The records
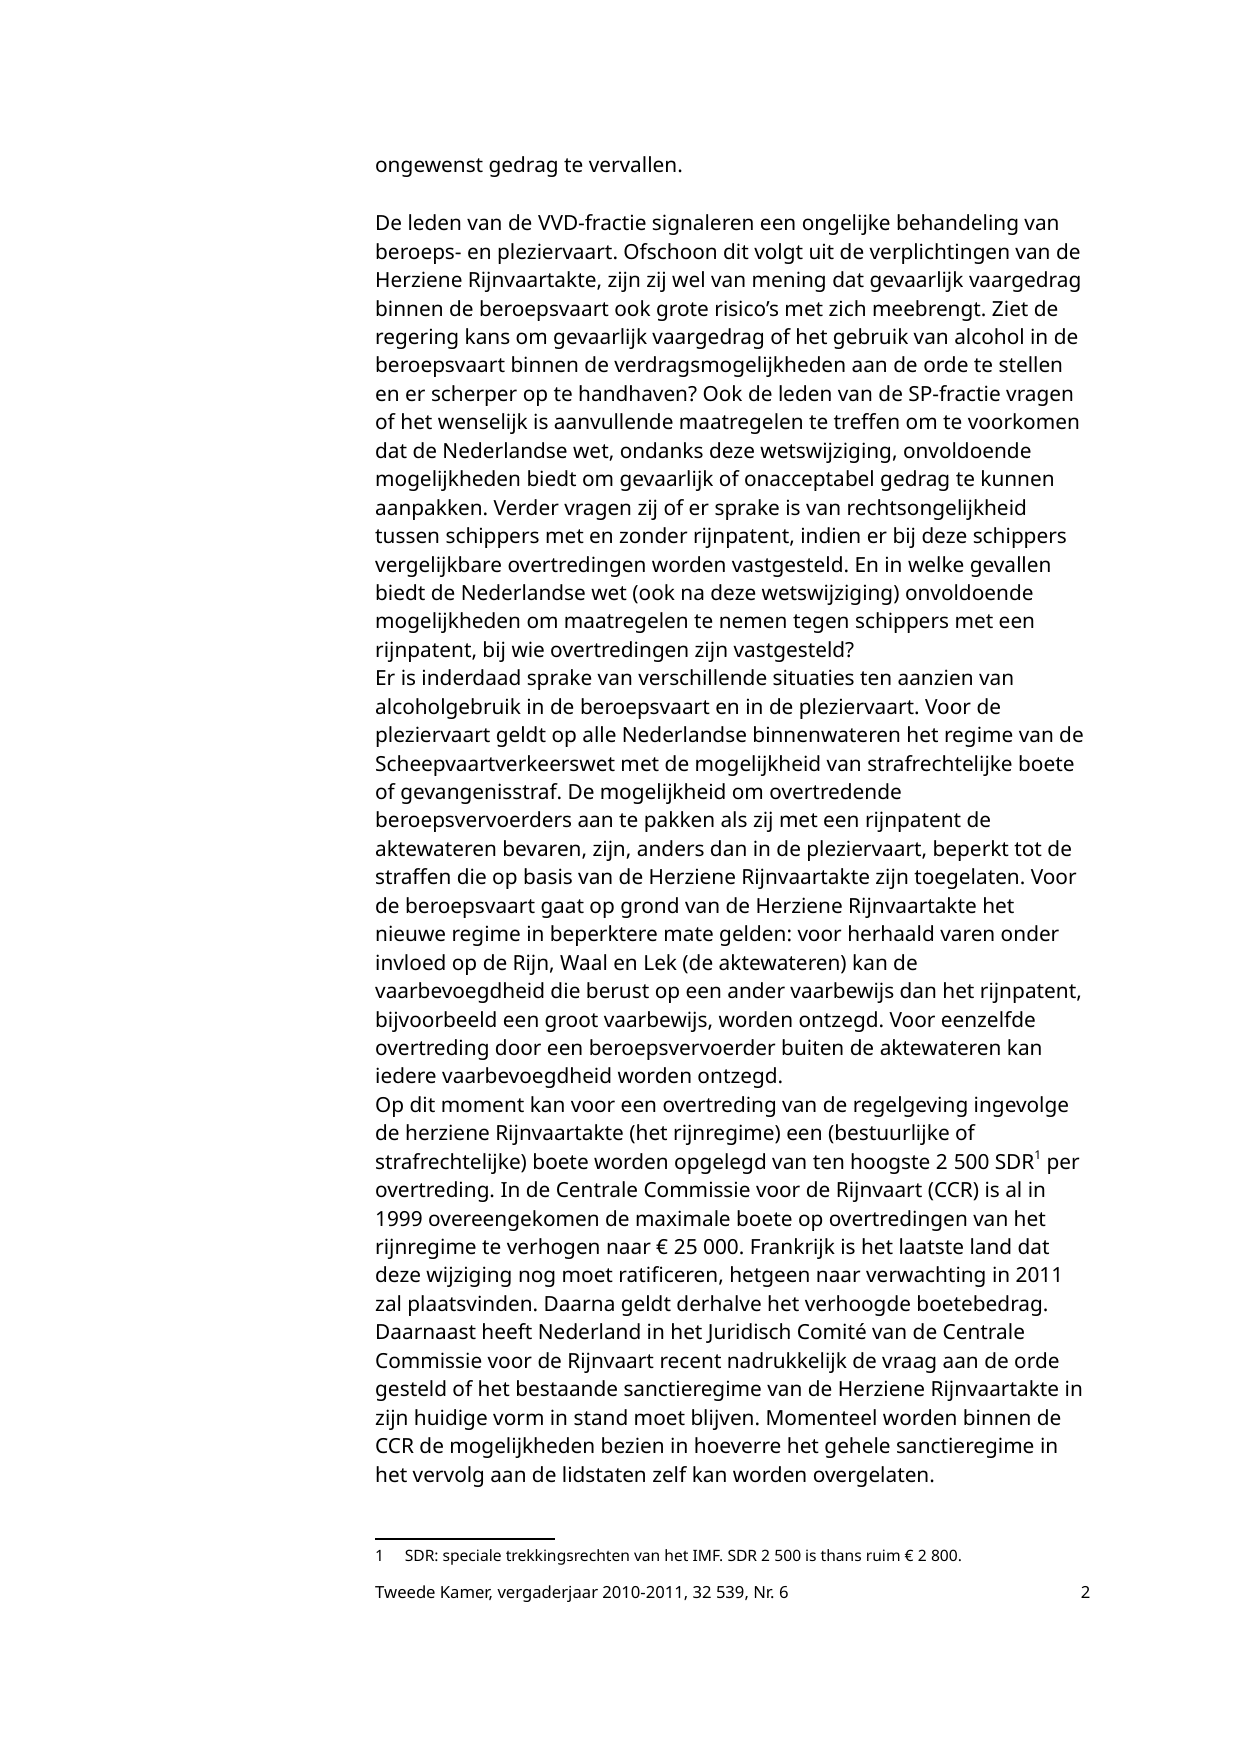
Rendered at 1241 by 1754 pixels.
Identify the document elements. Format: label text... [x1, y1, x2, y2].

text De leden van de VVD-fractie signaleren een ongelijke behandeling van beroeps- en pleziervaart. Ofschoon dit volgt uit de verplichtingen van de Herziene Rijnvaartakte, zijn zij wel van mening dat gevaarlijk vaargedrag binnen de beroepsvaart ook grote risico’s met zich meebrengt. Ziet de regering kans om gevaarlijk vaargedrag of het gebruik van alcohol in de beroepsvaart binnen de verdragsmogelijkheden aan de orde te stellen en er scherper op te handhaven? Ook de leden van de SP-fractie vragen of het wenselijk is aanvullende maatregelen te treffen om te voorkomen dat de Nederlandse wet, ondanks deze wetswijziging, onvoldoende mogelijkheden biedt om gevaarlijk of onacceptabel gedrag te kunnen aanpakken. Verder vragen zij of er sprake is van rechtsongelijkheid tussen schippers met en zonder rijnpatent, indien er bij deze schippers vergelijkbare overtredingen worden vastgesteld. En in welke gevallen biedt de Nederlandse wet (ook na deze wetswijziging) onvoldoende mogelijkheden om maatregelen te nemen tegen schippers met een rijnpatent, bij wie overtredingen zijn vastgesteld? [375, 208, 1090, 663]
text SDR: speciale trekkingsrechten van het IMF. SDR 2 500 is thans ruim € 2 800. [375, 1509, 1090, 1566]
text Op dit moment kan voor een overtreding van de regelgeving ingevolge de herziene Rijnvaartakte (het rijnregime) een (bestuurlijke of strafrechtelijke) boete worden opgelegd van ten hoogste 2 500 SDR per overtreding. In de Centrale Commissie voor de Rijnvaart (CCR) is al in 1999 overeengekomen de maximale boete op overtredingen van het rijnregime te verhogen naar € 25 000. Frankrijk is het laatste land dat deze wijziging nog moet ratificeren, hetgeen naar verwachting in 2011 zal plaatsvinden. Daarna geldt derhalve het verhoogde boetebedrag. Daarnaast heeft Nederland in het Juridisch Comité van de Centrale Commissie voor de Rijnvaart recent nadrukkelijk de vraag aan de orde gesteld of het bestaande sanctieregime van de Herziene Rijnvaartakte in zijn huidige vorm in stand moet blijven. Momenteel worden binnen de CCR de mogelijkheden bezien in hoeverre het gehele sanctieregime in het vervolg aan de lidstaten zelf kan worden overgelaten. [375, 1090, 1090, 1488]
text Er is inderdaad sprake van verschillende situaties ten aanzien van alcoholgebruik in de beroepsvaart en in de pleziervaart. Voor de pleziervaart geldt op alle Nederlandse binnenwateren het regime van de Scheepvaartverkeerswet met de mogelijkheid van strafrechtelijke boete of gevangenisstraf. De mogelijkheid om overtredende beroepsvervoerders aan te pakken als zij met een rijnpatent de aktewateren bevaren, zijn, anders dan in de pleziervaart, beperkt tot de straffen die op basis van de Herziene Rijnvaartakte zijn toegelaten. Voor de beroepsvaart gaat op grond van de Herziene Rijnvaartakte het nieuwe regime in beperktere mate gelden: voor herhaald varen onder invloed op de Rijn, Waal en Lek (de aktewateren) kan de vaarbevoegdheid die berust op een ander vaarbewijs dan het rijnpatent, bijvoorbeeld een groot vaarbewijs, worden ontzegd. Voor eenzelfde overtreding door een beroepsvervoerder buiten de aktewateren kan iedere vaarbevoegdheid worden ontzegd. [375, 663, 1090, 1090]
text ongewenst gedrag te vervallen. [375, 150, 1090, 178]

Work task
With images left out, the data must be transcribed exactly.

Exercise response
Rendered at 1241 by 1754 pixels.
Identify the document elements. Format: label text... [x1, y1, x2, y2].

text De leden van de VVD-fractie signaleren een ongelijke behandeling van beroeps- en pleziervaart. Ofschoon dit volgt uit de verplichtingen van de Herziene Rijnvaartakte, zijn zij wel van mening dat gevaarlijk vaargedrag binnen de beroepsvaart ook grote risico’s met zich meebrengt. Ziet de regering kans om gevaarlijk vaargedrag of het gebruik van alcohol in de beroepsvaart binnen de verdragsmogelijkheden aan de orde te stellen en er scherper op te handhaven? Ook de leden van de SP-fractie vragen of het wenselijk is aanvullende maatregelen te treffen om te voorkomen dat de Nederlandse wet, ondanks deze wetswijziging, onvoldoende mogelijkheden biedt om gevaarlijk of onacceptabel gedrag te kunnen aanpakken. Verder vragen zij of er sprake is van rechtsongelijkheid tussen schippers met en zonder rijnpatent, indien er bij deze schippers vergelijkbare overtredingen worden vastgesteld. En in welke gevallen biedt de Nederlandse wet (ook na deze wetswijziging) onvoldoende mogelijkheden om maatregelen te nemen tegen schippers met een rijnpatent, bij wie overtredingen zijn vastgesteld? [375, 208, 1090, 663]
text SDR: speciale trekkingsrechten van het IMF. SDR 2 500 is thans ruim € 2 800. [375, 1509, 1090, 1566]
text Op dit moment kan voor een overtreding van de regelgeving ingevolge de herziene Rijnvaartakte (het rijnregime) een (bestuurlijke of strafrechtelijke) boete worden opgelegd van ten hoogste 2 500 SDR per overtreding. In de Centrale Commissie voor de Rijnvaart (CCR) is al in 1999 overeengekomen de maximale boete op overtredingen van het rijnregime te verhogen naar € 25 000. Frankrijk is het laatste land dat deze wijziging nog moet ratificeren, hetgeen naar verwachting in 2011 zal plaatsvinden. Daarna geldt derhalve het verhoogde boetebedrag. Daarnaast heeft Nederland in het Juridisch Comité van de Centrale Commissie voor de Rijnvaart recent nadrukkelijk de vraag aan de orde gesteld of het bestaande sanctieregime van de Herziene Rijnvaartakte in zijn huidige vorm in stand moet blijven. Momenteel worden binnen de CCR de mogelijkheden bezien in hoeverre het gehele sanctieregime in het vervolg aan de lidstaten zelf kan worden overgelaten. [375, 1090, 1090, 1488]
text Er is inderdaad sprake van verschillende situaties ten aanzien van alcoholgebruik in de beroepsvaart en in de pleziervaart. Voor de pleziervaart geldt op alle Nederlandse binnenwateren het regime van de Scheepvaartverkeerswet met de mogelijkheid van strafrechtelijke boete of gevangenisstraf. De mogelijkheid om overtredende beroepsvervoerders aan te pakken als zij met een rijnpatent de aktewateren bevaren, zijn, anders dan in de pleziervaart, beperkt tot de straffen die op basis van de Herziene Rijnvaartakte zijn toegelaten. Voor de beroepsvaart gaat op grond van de Herziene Rijnvaartakte het nieuwe regime in beperktere mate gelden: voor herhaald varen onder invloed op de Rijn, Waal en Lek (de aktewateren) kan de vaarbevoegdheid die berust op een ander vaarbewijs dan het rijnpatent, bijvoorbeeld een groot vaarbewijs, worden ontzegd. Voor eenzelfde overtreding door een beroepsvervoerder buiten de aktewateren kan iedere vaarbevoegdheid worden ontzegd. [375, 663, 1090, 1090]
text ongewenst gedrag te vervallen. [375, 150, 1090, 178]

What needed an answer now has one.